Борта машины были откинуты и часть мужчин ещё только забирались в кузов. Я догадалась, что приехал отец и пулей влетела домой. Первая мысль была: «Папа что-нибудь нам привёз?!». Но спросить ничего не успела, потому что родители уже начали свою беседу:
– Шура, будет возможность – приеду. Если нет, я вас прошу, будьте аккуратны и бдительны.
– Алёша, скажи мне, куда вы едете? На фронт?
Я вцепилась в похудевшего, почерневшего отца и слушала его ответы.
– Да, на фронт, но не на передовую. На фронт я везу полные кузова чурок, где меня уже ждут 10—15 машин без топлива. Задыхаемся, не хватает людей. В машине сидят добровольцы, будут помогать пилить чурки. Не знаю, справимся ли, но других людей просто нет. Кого-то возьмем к линии фронта, помогать разгружать чурки. А то я приезжаю, а мне кричат: Казанцев, нам что, винтовки бросать и разгружать твои машины?
Отец расцеловал нас и уехал. Помню, что вечером мы с сестрой ели что-то вкусное и потом крепко спали. В следующий раз я увидела отца только в 1946 году.
Муж Анатолий с дочерью Татьяной
Целый год он обеспечивал Красную Армию деревянным топливом для вездеходных автомобилей со снабжением для фронта. Мы понятия не имели, где отец. Мы просто потеряли его. Мама его искала по всем военкоматам. Не понимала, почему всем хоть «треугольнички» почтальоны приносят, а нам – ничего. В конце концов, ведь и похоронка тоже известие. Потом пришел к нам знакомый военный и рассказал, что папа служит в стратегических частях и у него особые заслуги перед Отечеством.
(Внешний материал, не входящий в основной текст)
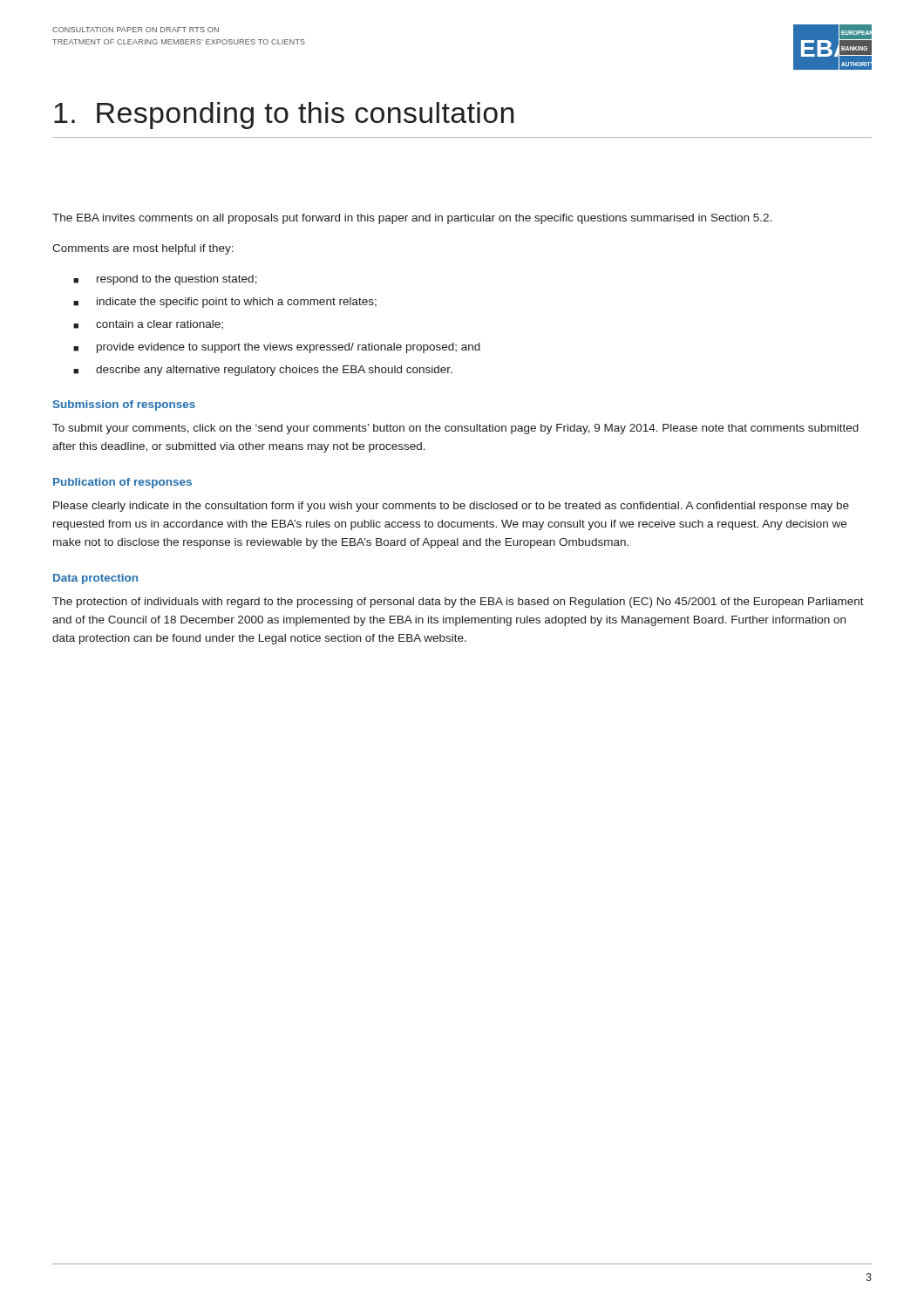The height and width of the screenshot is (1308, 924).
Task: Locate the text "Data protection"
Action: coord(95,578)

Бензина не хватало, топки с чурками на грузовых машинах были блестящим выходом. На фронте формировались автомобильные батальоны, снабжённые газогенераторными машинами, работающими на берёзовых чурках. Отец доезжал до фронта с эшелоном из пятнадцати машин, а возвращался иногда с четырьмя, остальные попадали под бомбежку.
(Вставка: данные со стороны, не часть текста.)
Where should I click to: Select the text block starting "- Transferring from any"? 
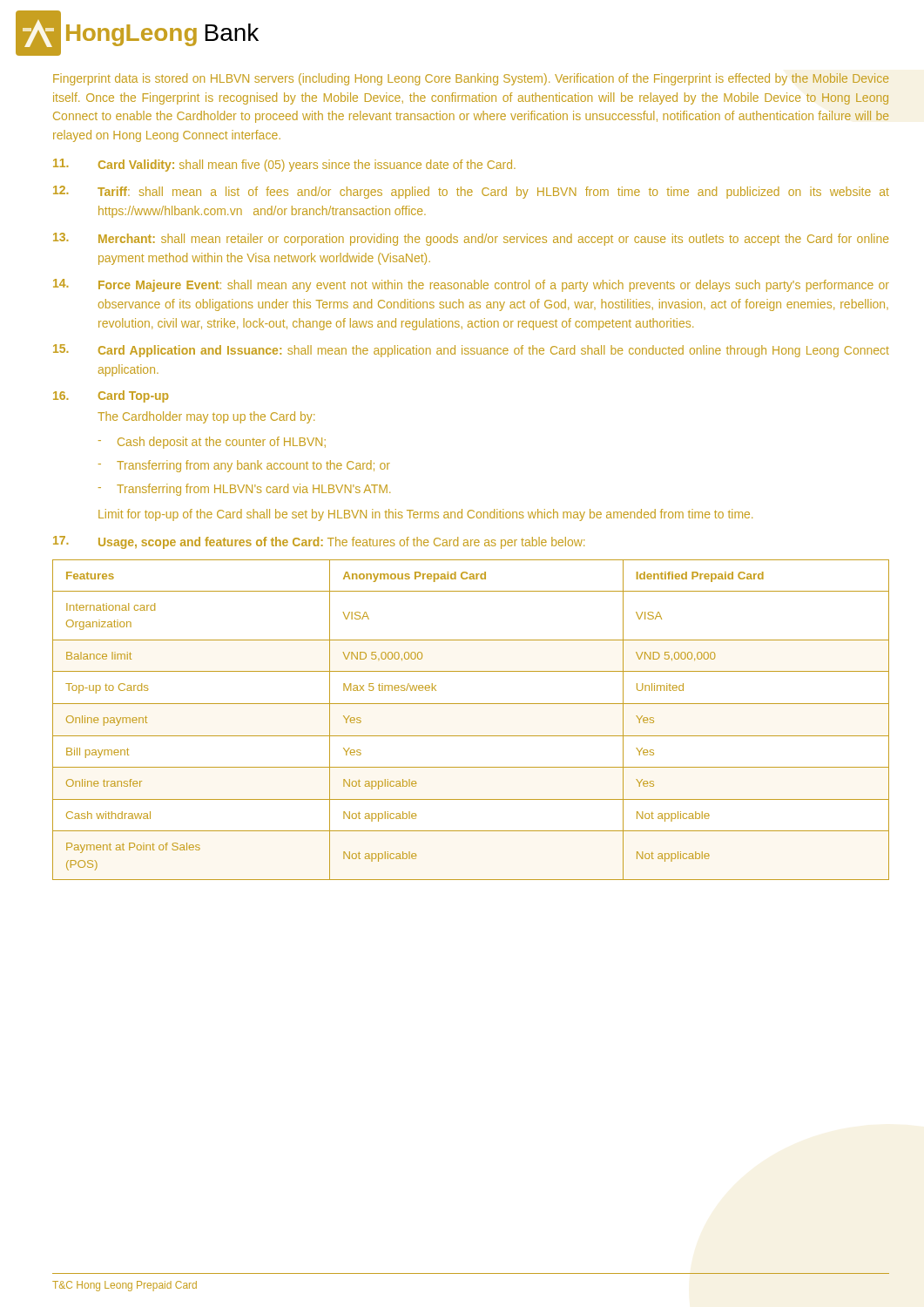244,466

Только через год отец прислал нам первый «треугольничек», из госпиталя. Его ранило в левое лёгкое, у него через всю спину остался шрам. Но после операции его не комиссовали домой, а снова забрали работать на нужды фронта. Поэтому и домой папа вернулся только спустя год после Победы.
Помню этот день: я пришла из школы и увидела, что папа спит на диване, а на стуле висит его гимнастерка с медалями. Папа был мой и не мой: вроде тот же, но почему-то весь седой. Из наград в памяти осталась медаль «За отвагу!» и грамота с гербовой печатью, по которой нам выделили участок земли со срубом. Так мы начали строительство своего деревянного дома в Егорьевске.